Two stylized facts about U.S. labor markets are that (1) while the unemployment rate has fallen substantially since the Great Recession, the employment-population ratio (E/P) has not nearly recovered to its pre-recession level, suggesting to many observers continuing labor-market slack, perhaps due to discouraged workers and other labor-force dropouts; and (2) E/P has been trending down for some time, partly due to demographic factors (e.g., retiring baby boomers) and possibly also due to institutional factors, such as changes in disability insurance work incentives.
The issue matters, because E/P is often thought to be a more reliable metric for labor-market "slack" than the conventional unemployment rate, and if so the apparently weak recovery of E/P could suggest continuing weakness in labor demand and thereby strengthen the case for continuing relatively expansionary monetary policy. So... where is E/P relative to its long-run trend or "full-employment" level?
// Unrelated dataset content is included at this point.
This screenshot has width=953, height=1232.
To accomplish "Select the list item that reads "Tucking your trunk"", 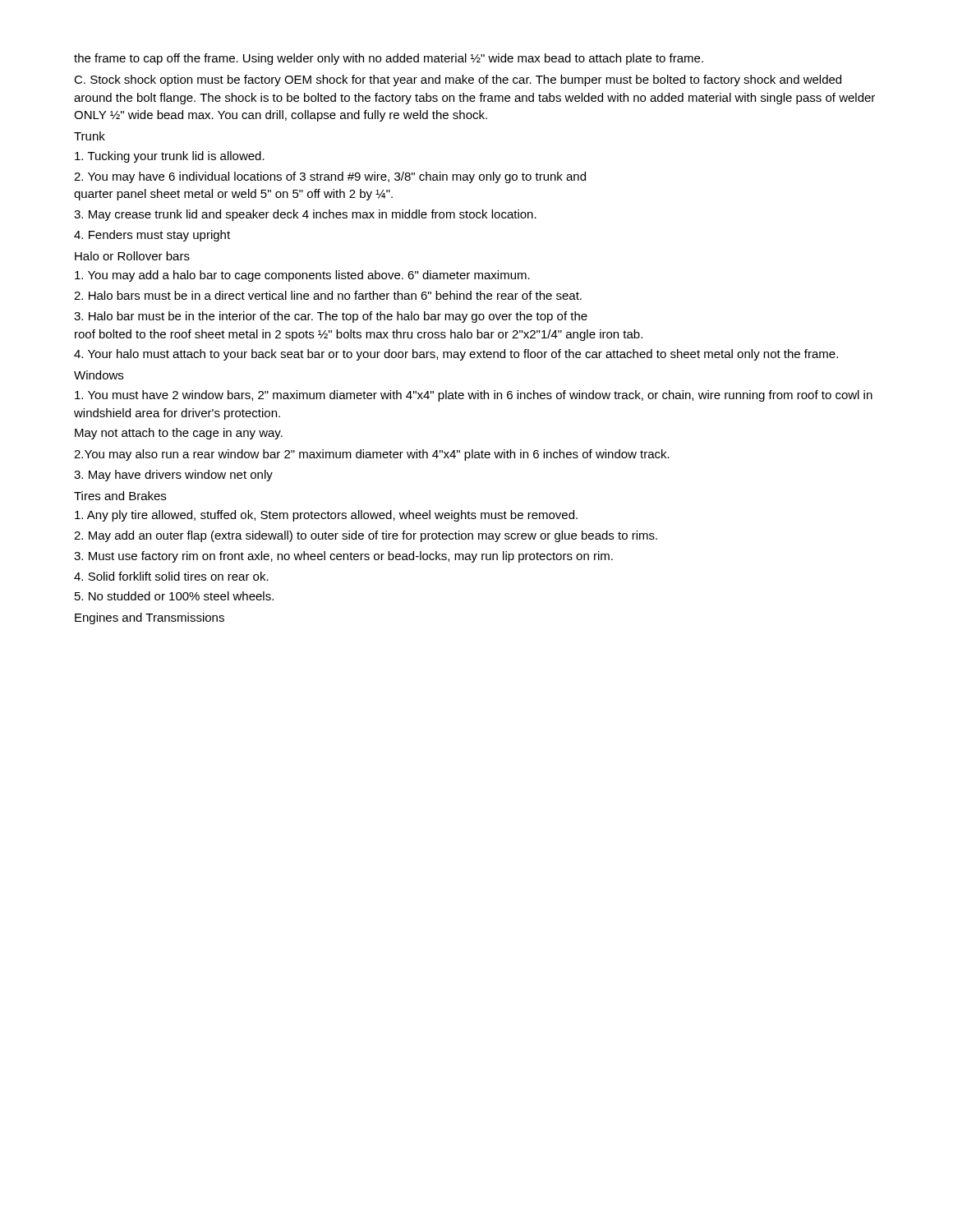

This interesting post from the NY Fed claims that a demographically-adjusted E/P has fallen far enough that "roughly 90 percent of the labor gap that opened up following the recession has been closed." The authors' adjusted series is supposed to remove the business cycle effect and leave just the changes due to demographic shifts, reflecting the changing age structure of the population and life-cycle employment rates for a series of cohorts. Here is the money chart:
Very interesting, indeed, but there are a couple of slightly strange things going on here. First, the authors had to use a normalization to set the level of the trend E/P. That is, they can only calculate the shape of the blue curve, not how high or low it is. Their approach was to assume that the average gap between the actual and adjusted E/P was zero over the entire period, so the red curve has to spend something like half the time above the blue curve, by assumption. If you thought the economy was around "full employment" during those episodes of peak actual E/P in the late 1990s and mid-2000s, a more logical normalization might be to shift the blue cure up so that it sat on or near the top of those peaks. But their assumption seems a reasonable alternative. I would be reluctant to conclude that the convergence of their curves implies a return to full employment... perhaps more neutrally, we could call it a return to E/P "normalcy."
What troubles me more, however, are the dramatic changes in slope of the blue trend, around 1994 and again around 2008 or 2009. The latter is particularly puzzling. If it reflects a cohort shift in E/P at each stage of the life-cycle, then how can we be sure this is not a consequence of the severe recession? If that's not the explanation, then what accounts for the sudden acceleration in the decline of adjusted E/P?
It does seem very likely that the trend in E/P has been downward over the past 15-20 years, and in that case the actual E/P has been closing in on a moving target and may be closer to "full employment" than the red line by itself might suggest. Just how much closer is a difficult question to answer.